Métier : Médecin - passionné par l’agriculture Sa place à Figuig : Ancien habitant de Figuig Date de l’entretien : Août 2017 Lieu de l’entretien : Khenifra Habitation actuelle : à Khenifra mais un habitat en copropriété en cours de construction Mon oncle paternel, que je vois d’été en été pour discuter et échanger sur plusieurs sujets surtout celui du devenir de notre patrimoine à Figuig, dans le ksar. Amine Benali : Comment percevez-vous votre héritage? Ce n’est pas un héritage personnel ou appartenant à une seule génération. Il s’agit d’un héritage de toutes les générations qui nous on précédées et qu’on se doit de protéger, de l’améliorer ou la moindre des choses, de le garder tel qu’il est et le conserver pour les générations futures.
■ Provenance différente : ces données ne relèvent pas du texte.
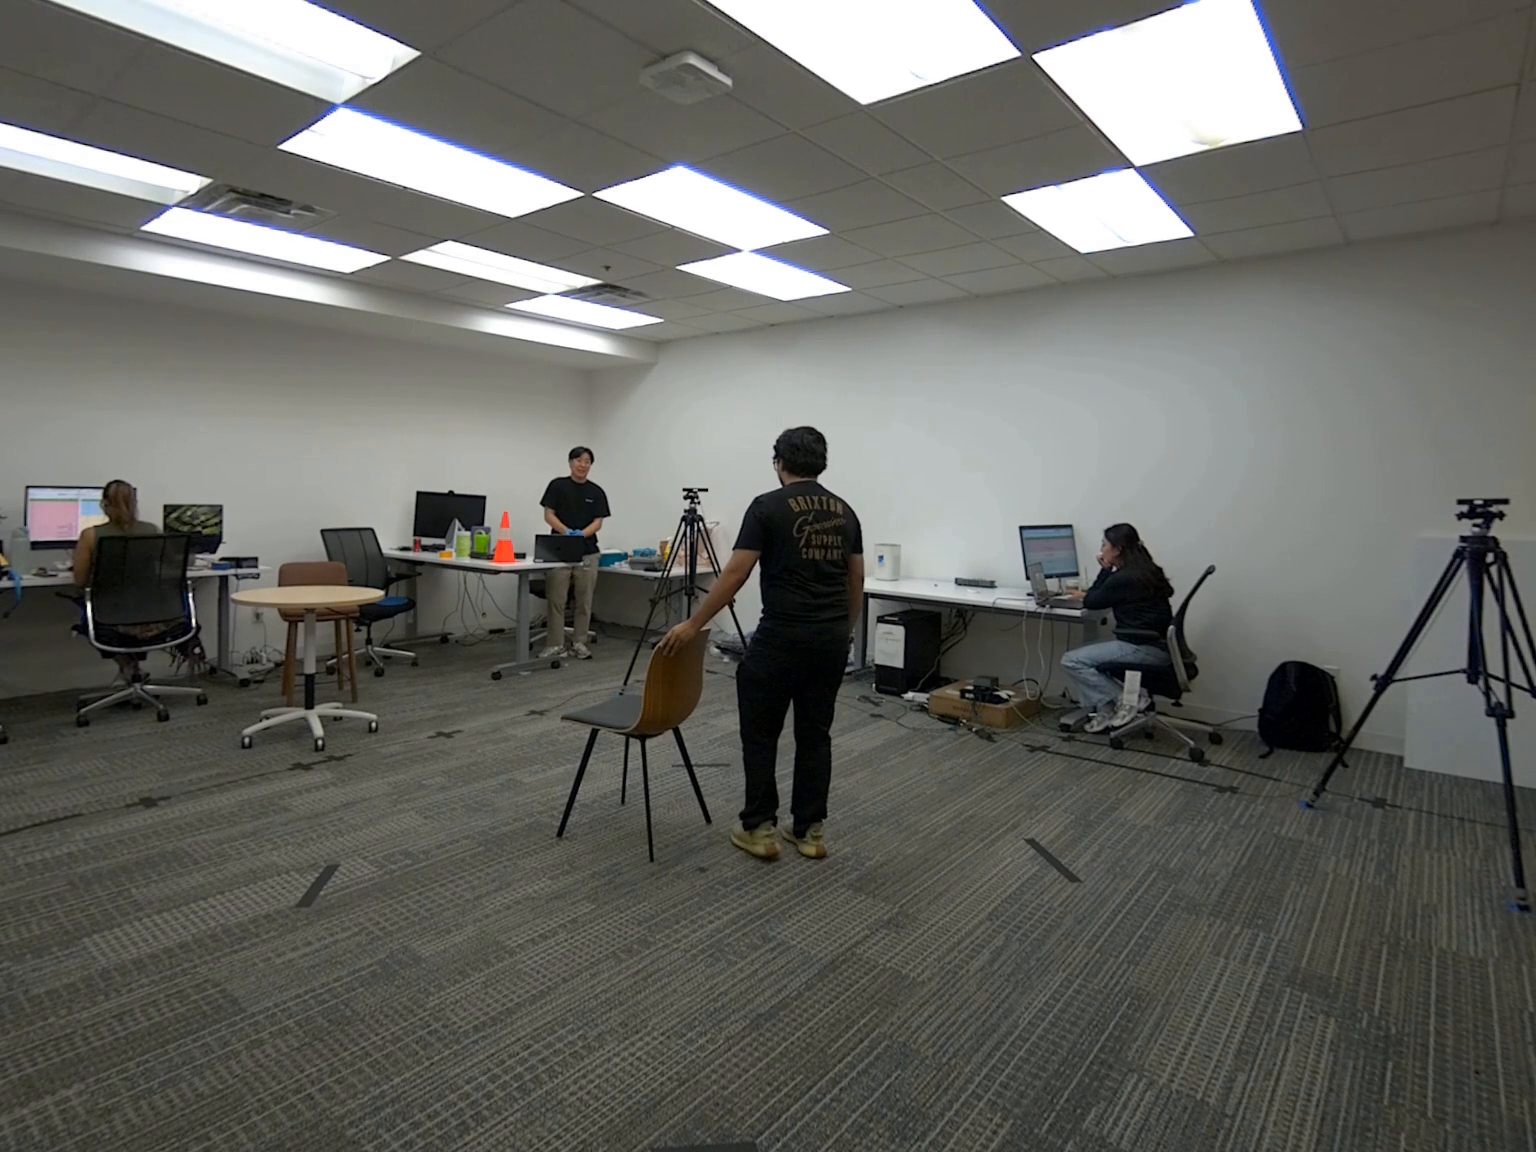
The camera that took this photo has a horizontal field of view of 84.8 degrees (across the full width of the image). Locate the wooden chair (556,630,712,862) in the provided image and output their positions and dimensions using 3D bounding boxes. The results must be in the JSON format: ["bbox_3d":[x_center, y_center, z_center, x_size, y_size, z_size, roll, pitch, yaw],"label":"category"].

A.B : Pourquoi avoir quitté la maison dans le ksar? L’inadaptation des Ksours aux besoins de la vie moderne en équipements, services, infrastructures et moyens de communication accélère la décadence de ces noyaux de civilisation ancienne. A.B : En quoi l’entretien du ksar devenait-il encombrant? Dans un ksar, les maisons sont adossées les une aux autres avec des ruelles assez étroites. Ainsi la dégradation d’une maison entraine obligatoirement la dégradation en cascade des autres. On ne peut donc concevoir d’entretenir ou de restaurer un habitat seul isolé sans restaurer tout ce qu’il y a autour, et d’habitations auxquels il est adossé. Ce serait a mon avis une erreur de limiter l’entretien et le maintien du de l’habitation dans le ksar à une responsabilité individuelle. A.B : Comment trouvez-vous le nouvel habitat (en dehors du ksar)? nb : précisions, en matériaux transformés comme le ciment, les parpaings etc.. Les nouvelles habitations sont le résultat de l’abondon et également de l’éclatement des ksours, en plus d’une désintégration du mode de vie local. ce qui a conduit à les construire à la périphérie des ksours Les constructions en briques de ciments remplacent les maisons traditionnelles dans le pourtour du ksar. 106


Demeurant impossible à maîtriser, ce phénomène banalise les Ksours, détériore leur caractère original et en déprécie les valeurs matérielles et symboliques. A.B : Ksar de Figuig, culture ou architecture? Les Ksours de Figuig sont des constructions ancestrales qui font partie intégrante du patrimoine et de l’identité socioculturelle de la région. Ils constituent à la fois un patrimoine matériel (édifices et architecture) et immatériel (pratiques et savoir-faire ancestraux adaptés à cet environnement spécifique), ce qui leur confère une valeur et un potentiel écologiques, touristiques, culturels et socioéconomiques uniques.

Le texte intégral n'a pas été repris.